While decriminalization in Portugal has resulted in some promising developments in
reducing drug-related harm, such as: a reduction in drug-related deaths; a reduction in
infectious diseases; an increase in drug treatment uptake; and a reduction in the level of
problematic drug users (Hughes and Stevens, 2010), these outcomes emerge through the
lens of prohibition and the preoccupation with negative associations with drug taking
such as death, disease and addiction. Whereas, the vast majority of illicit drug users in
Portugal (as elsewhere around the globe) are recreational drug users, who do not die,
contract diseases, require drug treatment or become ‘problematic users’; yet their rights
and needs seem to go unnoticed. Similarly, in respect of cannabis legalization in Colorado
reformers cite evidence of: arrests and judicial savings; decrease in crime rates; decrease
in traffic fatalities; and increased tax revenue and economic benefits (Drug Policy
Alliance, 2015b), measurements which once again have their roots in the prohibitionist
reductionist discourse.
Prohibition has privileged and promoted particular drugs while the use of other substances has been outlawed and punished. The current reform momentum towards legalizing or decriminalizing particular substances (such as cannabis) so they can become
‘privileged’, reinforces the existing drug apartheid and fails to fundamentally address the
contradictions and lack of evidence base upon which prohibition is premised. Such
reforms amount to little more than a ‘metamorphosis of prohibition’, since they fail to
address the fundamental fallacies underpinning the drug apartheid.
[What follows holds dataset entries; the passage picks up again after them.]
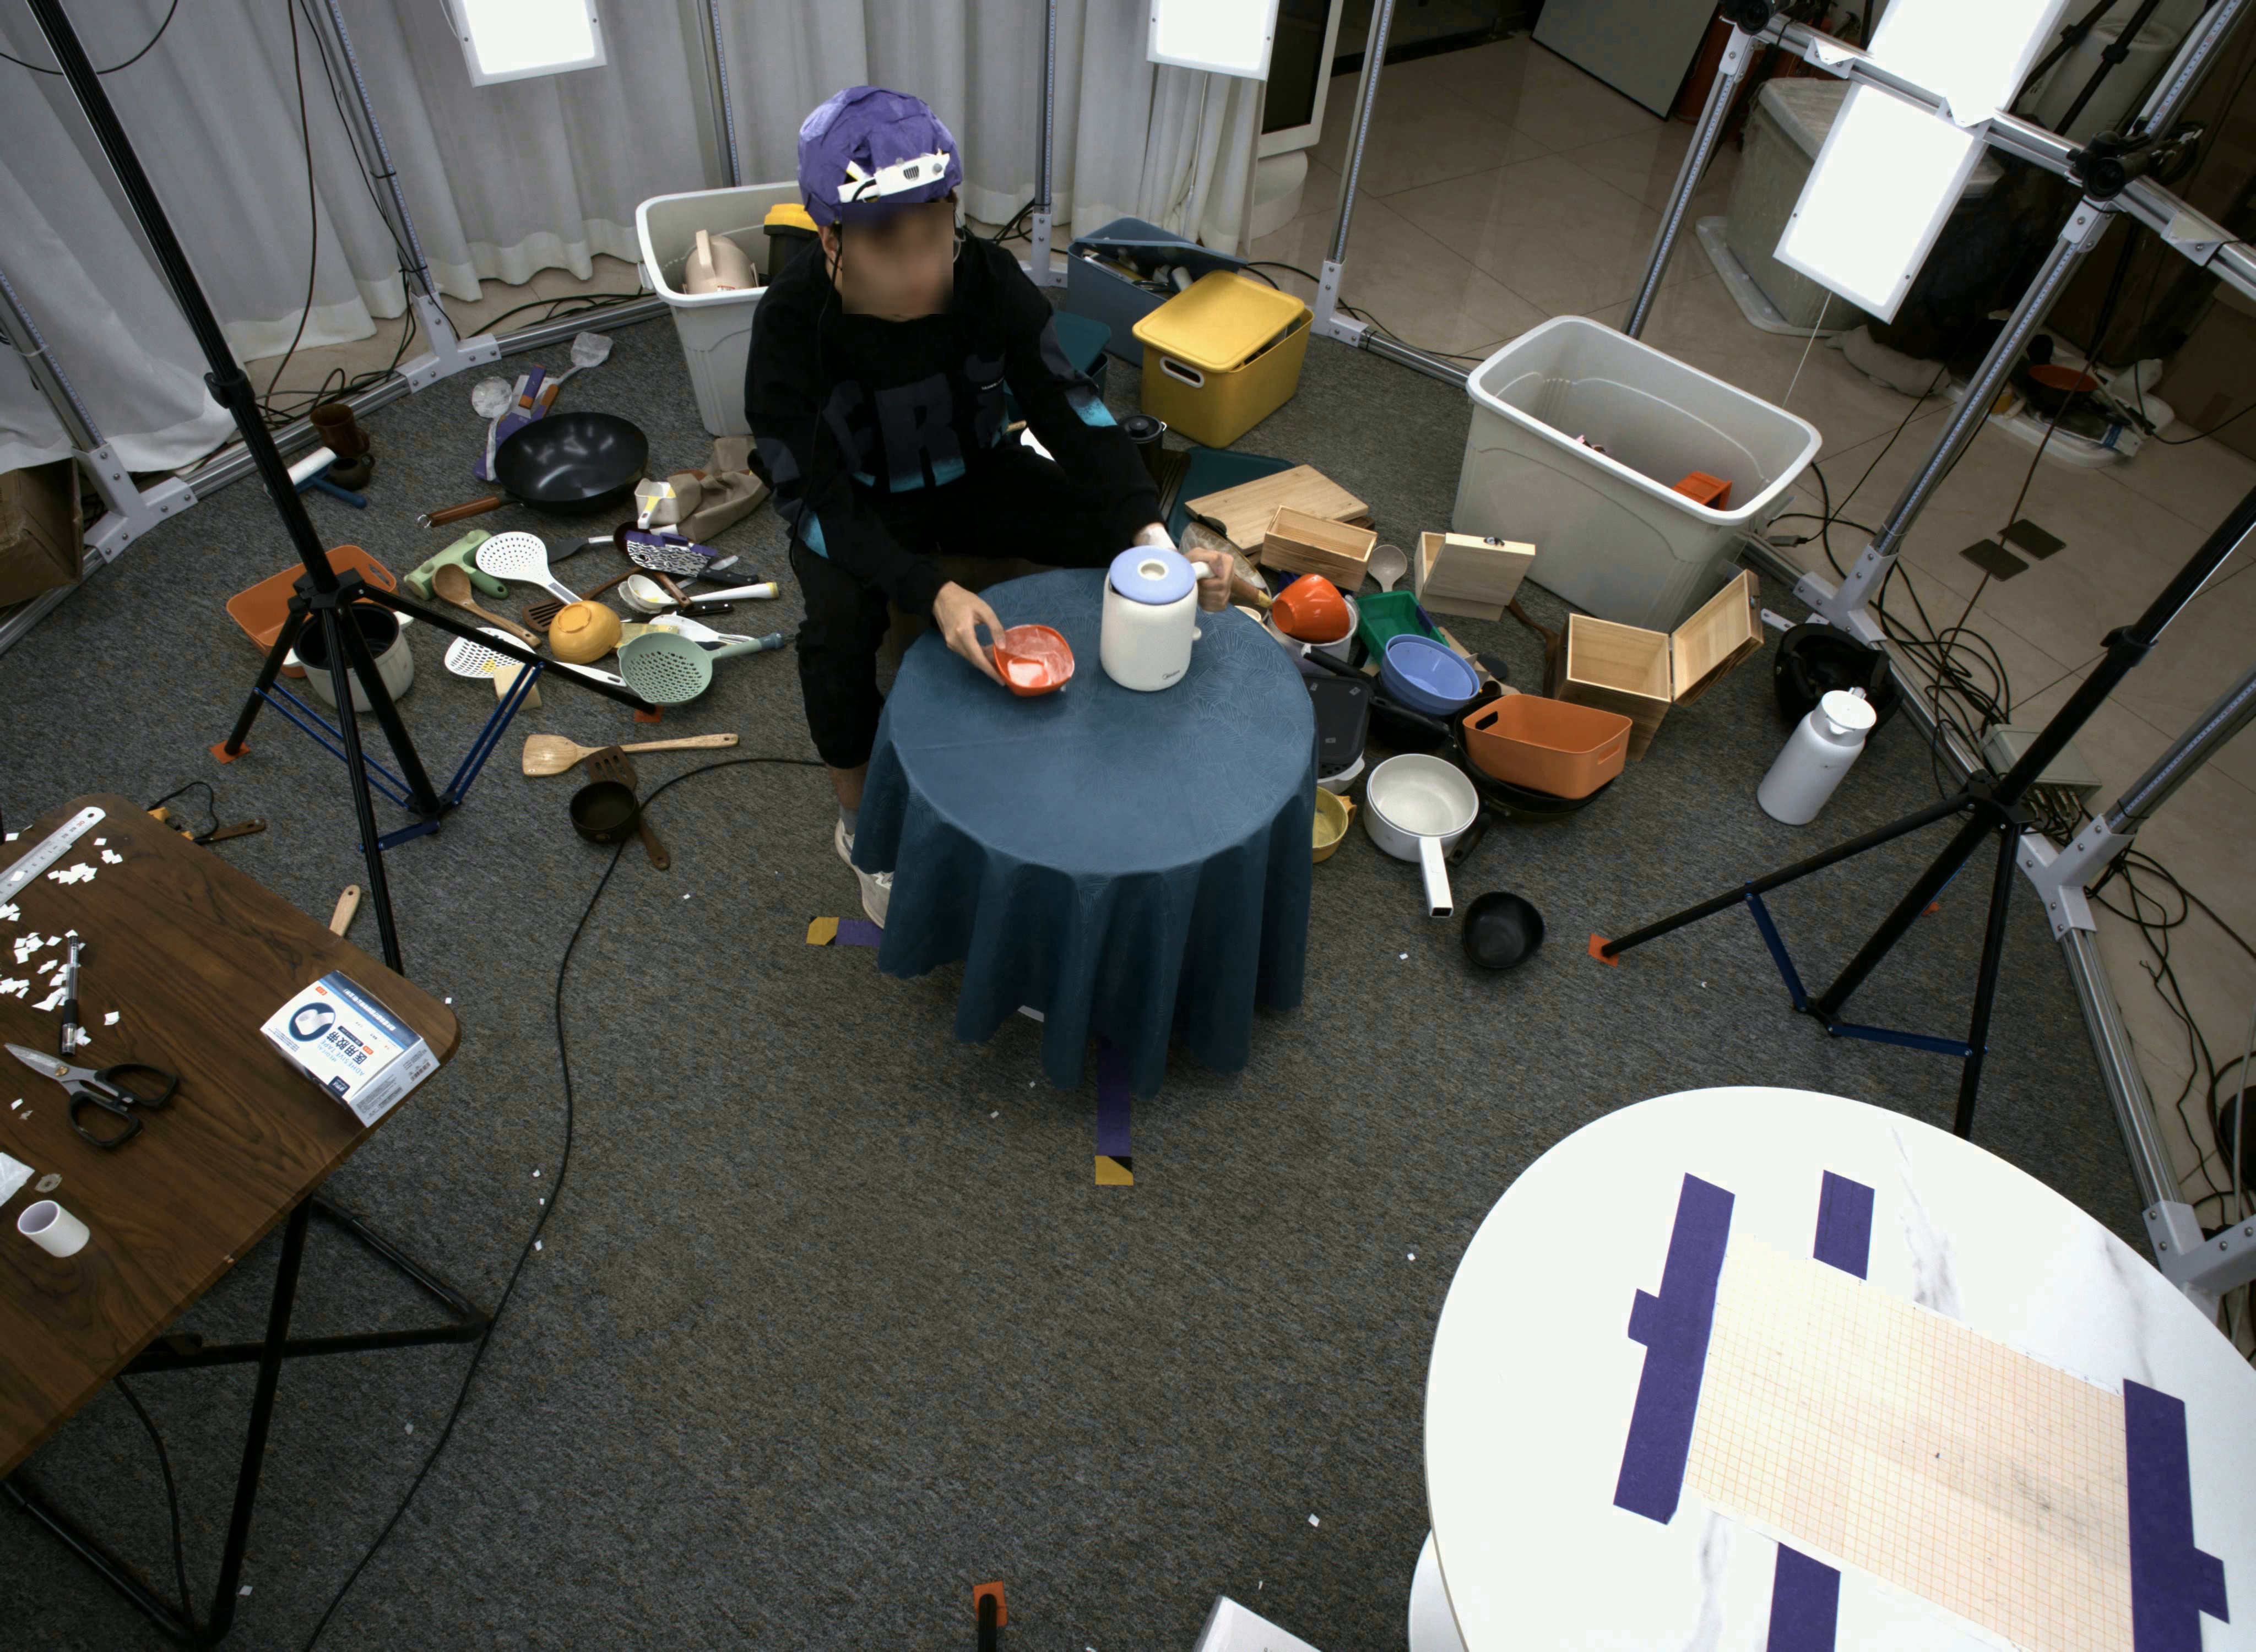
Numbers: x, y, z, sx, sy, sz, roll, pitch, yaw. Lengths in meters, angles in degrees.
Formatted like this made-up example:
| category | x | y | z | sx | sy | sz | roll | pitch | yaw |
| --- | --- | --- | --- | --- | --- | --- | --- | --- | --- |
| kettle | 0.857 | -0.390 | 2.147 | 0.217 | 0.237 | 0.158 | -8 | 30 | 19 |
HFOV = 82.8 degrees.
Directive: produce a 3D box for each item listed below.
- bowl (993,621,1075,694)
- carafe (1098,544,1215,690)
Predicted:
| category | x | y | z | sx | sy | sz | roll | pitch | yaw |
| --- | --- | --- | --- | --- | --- | --- | --- | --- | --- |
| bowl | -0.135 | -0.230 | 1.811 | 0.118 | 0.050 | 0.121 | 5 | 60 | -9 |
| carafe | 0.047 | -0.304 | 1.823 | 0.192 | 0.178 | 0.135 | -26 | 58 | -26 |
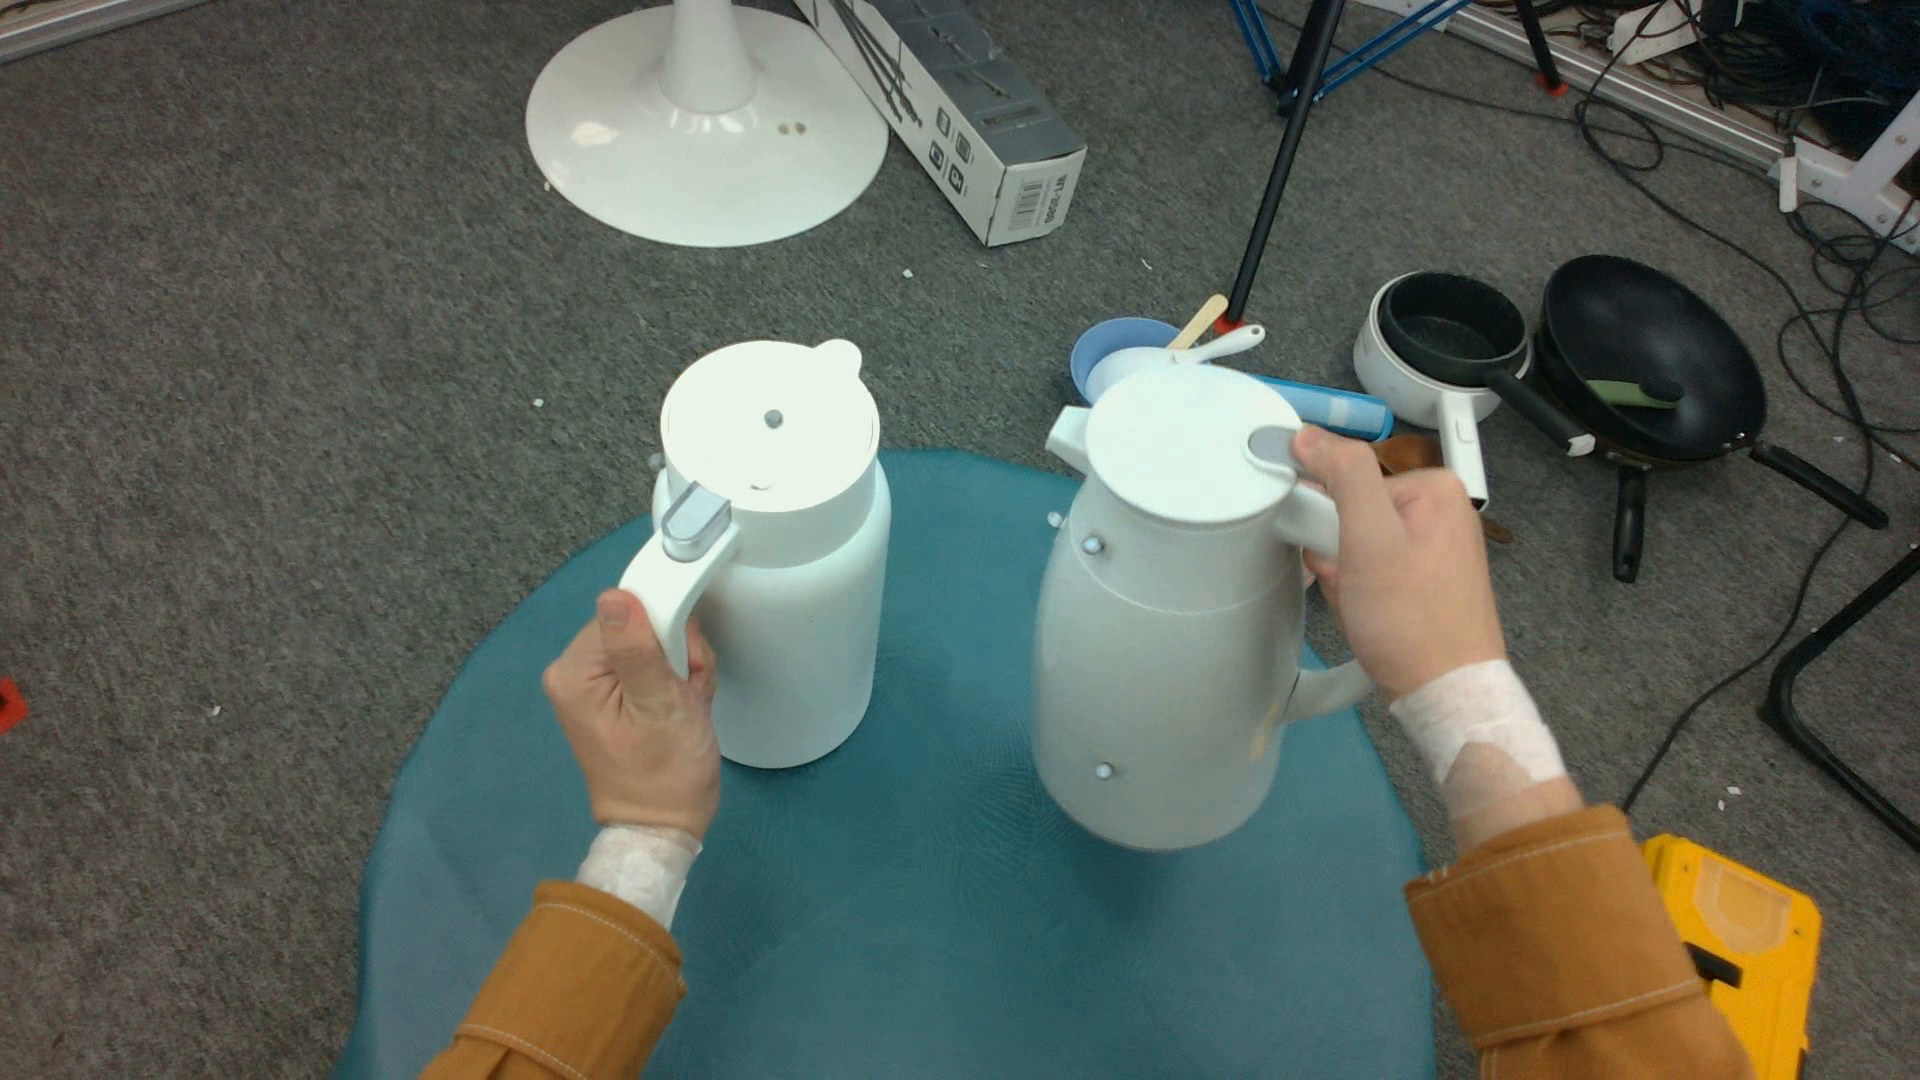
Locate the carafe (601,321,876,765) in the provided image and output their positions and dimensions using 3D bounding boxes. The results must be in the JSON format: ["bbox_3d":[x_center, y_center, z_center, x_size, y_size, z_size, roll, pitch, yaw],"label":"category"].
[{"bbox_3d":[-0.114,0.027,0.720,0.124,0.267,0.173,28,58,8],"label":"carafe"}]

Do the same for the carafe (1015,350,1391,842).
[{"bbox_3d":[0.111,0.031,0.650,0.167,0.247,0.133,17,52,14],"label":"carafe"}]

Reconstructing Drugs: The Five Fallacies of Drug
Prohibition
There is a scientific reason why some substances are categorized as
‘drugs’
A war needs an enemy and successive governments have rallied a war against ‘drugs’,
but there is no rationale for the substances we have come to regard as drugs. If we assume
a drug is a psychoactive substance that alters our mood state (Nutt, 2012), then we have
to include alcohol, tobacco and caffeine along with a wide range of other substances currently categorized as: herbs (e.g. nutmeg); medicines (e.g. codeine); foods (e.g. sugar);
and legal highs (e.g. Spice). Angus Bancroft (2009: 8) exposing the ‘drug’ fallacy
explains:
there are no pharmacological categories of ‘illicit drugs’, ‘licit drugs’ and ‘medications’. They
are social categories constructed because as a political community we have come to treat some
substances differently from others, depending on who uses them, how and for what.
Taylor et al.
459
If instead we assumed that prohibition was concerned with outlawing the most ‘dangerous drugs’, then according to the evidence a range of illegal substances such as khat,
LSD, psilocybin mushrooms and ecstasy would become legal; while currently legal substances such as alcohol, tobacco and arguably sugars would become prohibited.
Any scientific examination of ‘drugs’ renders the present classification of illicit drugs
as illogical and the present cultural promotion of legal substances as misguided. The idea
promoted by the UN of being against ‘drugs’ and seeking a ‘drug free world’, is not only
untenable and unthinkable, it is undesirable. Therefore, the notion of Nixon’s ‘war on
drugs’ is a contradiction; there has never been a war on drugs, only a war on particular
drugs, a war seriously lacking coherence, without a rational basis to support it. More
accurately it is a ‘war between drugs’ a system of drug apartheid that has privileged the
use of certain substances and outlawed the use of other substances, a corrupt system that
has much to do with who uses the drugs and little to do with the risks posed by the drugs
(Nadelmann, 2014).
In the USA, while several states have legalized cannabis, they continue to have a zero
tolerance policy towards other less harmful substances (Nutt et al., 2010). Such reforms
fail to address the fundamental flaws of prohibition and instead support the myth of
‘drugs’ by reinforcing the drug apartheid by inviting cannabis to enjoy the privilege
afforded to alcohol, tobacco and caffeine. This is a move that potentially obfuscates
important underlying drug policy issues and risks dividing the drug reform momentum
by appeasing a large group of previously criminalized cannabis users. Worryingly, the
key motivation for privileging cannabis appears to be its popularity and income generation potential.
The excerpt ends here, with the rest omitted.